What other support products do i need? (i will have adex on hand)

I appreciate all the advice and input i receive.

Thanks Jack


----------



## Pain2Gain (Feb 28, 2012)

I would run test higher! 75mg EOD is not enough, it's only 225mg a wk! So if using prop I'd do least 100mg ed or 200mg EOD aiming for around 6-700mg a wk

And your tren I'd start on 250mg a wk break that down into EOD shots.

If u get no sides increase it.

Have your adex but don't go mad, you actually want excess oestrogen on tren, so maybe nolva would be better.

HCG isn't compulsary it's entirely your call but obviously recovery is quicker with it


----------



## Apollo X (Dec 30, 2012)

Pain2Gain said:


> I would run test higher! 75mg EOD is not enough, it's only 225mg a wk! So if using prop I'd do least 100mg ed or 200mg EOD aiming for around 6-700mg a wk
> 
> And your tren I'd start on 250mg a wk break that down into EOD shots.
> 
> ...


I run my tren higher than test, 50mg prop eod and 100-150mg tren ace eod, massively reduces sides for me


----------



## Pain2Gain (Feb 28, 2012)

Apollo X said:


> I run my tren higher than test, 50mg prop eod and 100-150mg tren ace eod, massively reduces sides for me


Yeah it's a debate we can have all day long tbh.
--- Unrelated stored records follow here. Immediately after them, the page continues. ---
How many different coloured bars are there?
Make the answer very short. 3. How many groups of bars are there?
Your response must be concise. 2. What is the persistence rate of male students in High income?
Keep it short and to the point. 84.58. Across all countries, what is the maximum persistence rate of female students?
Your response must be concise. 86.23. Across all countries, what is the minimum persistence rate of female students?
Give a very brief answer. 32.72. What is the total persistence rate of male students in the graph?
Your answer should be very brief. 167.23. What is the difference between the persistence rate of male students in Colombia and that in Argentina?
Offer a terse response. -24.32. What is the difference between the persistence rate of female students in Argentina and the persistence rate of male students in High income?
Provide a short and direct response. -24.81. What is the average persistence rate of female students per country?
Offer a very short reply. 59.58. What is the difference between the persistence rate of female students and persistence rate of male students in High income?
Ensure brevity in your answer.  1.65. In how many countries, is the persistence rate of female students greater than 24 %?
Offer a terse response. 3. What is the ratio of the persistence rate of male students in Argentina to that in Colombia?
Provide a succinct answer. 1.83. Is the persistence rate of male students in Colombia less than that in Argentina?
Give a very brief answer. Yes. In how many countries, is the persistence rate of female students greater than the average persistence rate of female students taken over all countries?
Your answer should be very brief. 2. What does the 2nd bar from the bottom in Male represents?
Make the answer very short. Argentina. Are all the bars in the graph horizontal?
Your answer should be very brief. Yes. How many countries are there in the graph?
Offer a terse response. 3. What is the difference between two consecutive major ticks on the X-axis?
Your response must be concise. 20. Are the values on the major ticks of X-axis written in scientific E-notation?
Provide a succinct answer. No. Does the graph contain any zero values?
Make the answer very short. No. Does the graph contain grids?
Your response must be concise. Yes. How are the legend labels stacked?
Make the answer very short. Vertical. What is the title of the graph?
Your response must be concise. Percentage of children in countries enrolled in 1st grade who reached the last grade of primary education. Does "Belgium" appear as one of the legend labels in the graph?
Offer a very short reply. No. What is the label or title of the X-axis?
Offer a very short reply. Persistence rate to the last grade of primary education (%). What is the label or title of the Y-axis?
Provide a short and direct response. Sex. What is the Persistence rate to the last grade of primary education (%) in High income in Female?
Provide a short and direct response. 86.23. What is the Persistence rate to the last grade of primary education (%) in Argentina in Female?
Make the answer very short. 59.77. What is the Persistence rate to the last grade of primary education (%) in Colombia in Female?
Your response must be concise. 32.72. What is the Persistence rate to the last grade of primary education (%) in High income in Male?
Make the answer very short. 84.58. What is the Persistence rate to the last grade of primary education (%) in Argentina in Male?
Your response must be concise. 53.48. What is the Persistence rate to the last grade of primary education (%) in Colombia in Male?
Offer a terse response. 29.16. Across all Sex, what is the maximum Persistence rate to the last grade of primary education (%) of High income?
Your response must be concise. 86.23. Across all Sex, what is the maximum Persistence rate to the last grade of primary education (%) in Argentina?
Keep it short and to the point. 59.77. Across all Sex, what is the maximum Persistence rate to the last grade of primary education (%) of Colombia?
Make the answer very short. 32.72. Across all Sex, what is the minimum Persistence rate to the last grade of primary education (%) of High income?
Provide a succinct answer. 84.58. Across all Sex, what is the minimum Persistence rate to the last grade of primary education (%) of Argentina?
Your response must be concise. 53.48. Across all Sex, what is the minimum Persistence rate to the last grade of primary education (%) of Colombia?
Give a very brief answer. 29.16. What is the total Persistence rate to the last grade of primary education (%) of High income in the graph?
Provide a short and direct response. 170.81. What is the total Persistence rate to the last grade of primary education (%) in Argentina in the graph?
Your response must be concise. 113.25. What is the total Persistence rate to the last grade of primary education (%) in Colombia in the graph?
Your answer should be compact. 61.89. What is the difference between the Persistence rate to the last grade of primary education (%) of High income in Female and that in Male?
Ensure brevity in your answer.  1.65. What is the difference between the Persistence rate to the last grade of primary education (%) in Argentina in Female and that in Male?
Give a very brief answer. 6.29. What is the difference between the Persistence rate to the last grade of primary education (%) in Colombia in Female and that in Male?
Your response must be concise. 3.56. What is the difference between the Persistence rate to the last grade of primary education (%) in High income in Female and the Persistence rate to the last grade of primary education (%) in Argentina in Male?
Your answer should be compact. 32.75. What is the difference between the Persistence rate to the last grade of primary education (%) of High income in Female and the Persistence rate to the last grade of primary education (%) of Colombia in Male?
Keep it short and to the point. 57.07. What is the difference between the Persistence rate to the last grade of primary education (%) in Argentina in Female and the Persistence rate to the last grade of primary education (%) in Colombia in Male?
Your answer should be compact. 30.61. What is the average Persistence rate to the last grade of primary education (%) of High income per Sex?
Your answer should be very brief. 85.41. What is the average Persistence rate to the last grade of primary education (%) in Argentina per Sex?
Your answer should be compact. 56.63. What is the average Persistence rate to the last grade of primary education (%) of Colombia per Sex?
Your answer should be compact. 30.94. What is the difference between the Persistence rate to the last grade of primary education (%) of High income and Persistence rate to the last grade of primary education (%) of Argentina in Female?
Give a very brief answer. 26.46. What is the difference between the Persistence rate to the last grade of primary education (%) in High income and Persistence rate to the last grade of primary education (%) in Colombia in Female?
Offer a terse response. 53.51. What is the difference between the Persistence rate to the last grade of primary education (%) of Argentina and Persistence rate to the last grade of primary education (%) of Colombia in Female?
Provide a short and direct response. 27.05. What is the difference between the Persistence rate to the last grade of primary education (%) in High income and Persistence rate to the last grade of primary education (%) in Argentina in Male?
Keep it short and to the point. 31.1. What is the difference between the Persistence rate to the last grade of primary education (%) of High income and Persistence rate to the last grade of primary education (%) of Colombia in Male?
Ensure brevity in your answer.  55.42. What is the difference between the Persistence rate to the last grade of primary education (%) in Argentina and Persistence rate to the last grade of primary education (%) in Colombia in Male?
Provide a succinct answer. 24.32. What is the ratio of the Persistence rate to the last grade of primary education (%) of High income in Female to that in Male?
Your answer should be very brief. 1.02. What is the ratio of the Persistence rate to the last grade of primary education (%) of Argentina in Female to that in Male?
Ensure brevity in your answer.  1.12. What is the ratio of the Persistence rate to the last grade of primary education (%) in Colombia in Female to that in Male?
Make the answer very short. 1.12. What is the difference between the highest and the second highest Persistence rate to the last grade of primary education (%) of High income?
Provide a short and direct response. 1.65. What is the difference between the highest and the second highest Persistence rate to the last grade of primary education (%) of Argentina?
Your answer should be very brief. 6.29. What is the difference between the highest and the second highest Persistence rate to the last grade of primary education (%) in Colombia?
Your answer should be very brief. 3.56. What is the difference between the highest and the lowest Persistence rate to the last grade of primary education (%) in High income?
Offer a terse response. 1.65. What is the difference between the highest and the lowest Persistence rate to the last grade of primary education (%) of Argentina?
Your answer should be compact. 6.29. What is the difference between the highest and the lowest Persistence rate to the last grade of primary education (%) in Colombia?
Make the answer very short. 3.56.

Was just saying what I'd do with what he's got. After much reading I'm also much more inclined to go with the high oestrogen environment been benificial for tren, hence more test.


----------



## TheMeatWagon (Dec 3, 2012)

Jack92 said:


> Hey guys, ive just started an 18 week cut and i am planning on starting a test p tren a cycle in 5 weeks or so. my last cycle was test e and dbol (12 weeks). Im following a timed carb diet which i believe i have my cals and macros spot on (i'll post a separate thread in the diet section to check that).
> 
> My training is well sorted as well (i'm a PT), 40 mins fasted cardio every morning and weight training in the afternoon, 5 day split.
> 
> ...


Up the test a bit. HCG from the start in moderate doses will keep Lefty and Righty happy and plump.


----------



## Apollo X (Dec 30, 2012)

Pain2Gain said:


> Yeah it's a debate we can have all day long tbh.
> 
> Was just saying what I'd do with what he's got. After much reading I'm also much more inclined to go with the high oestrogen environment been benificial for tren, hence more test.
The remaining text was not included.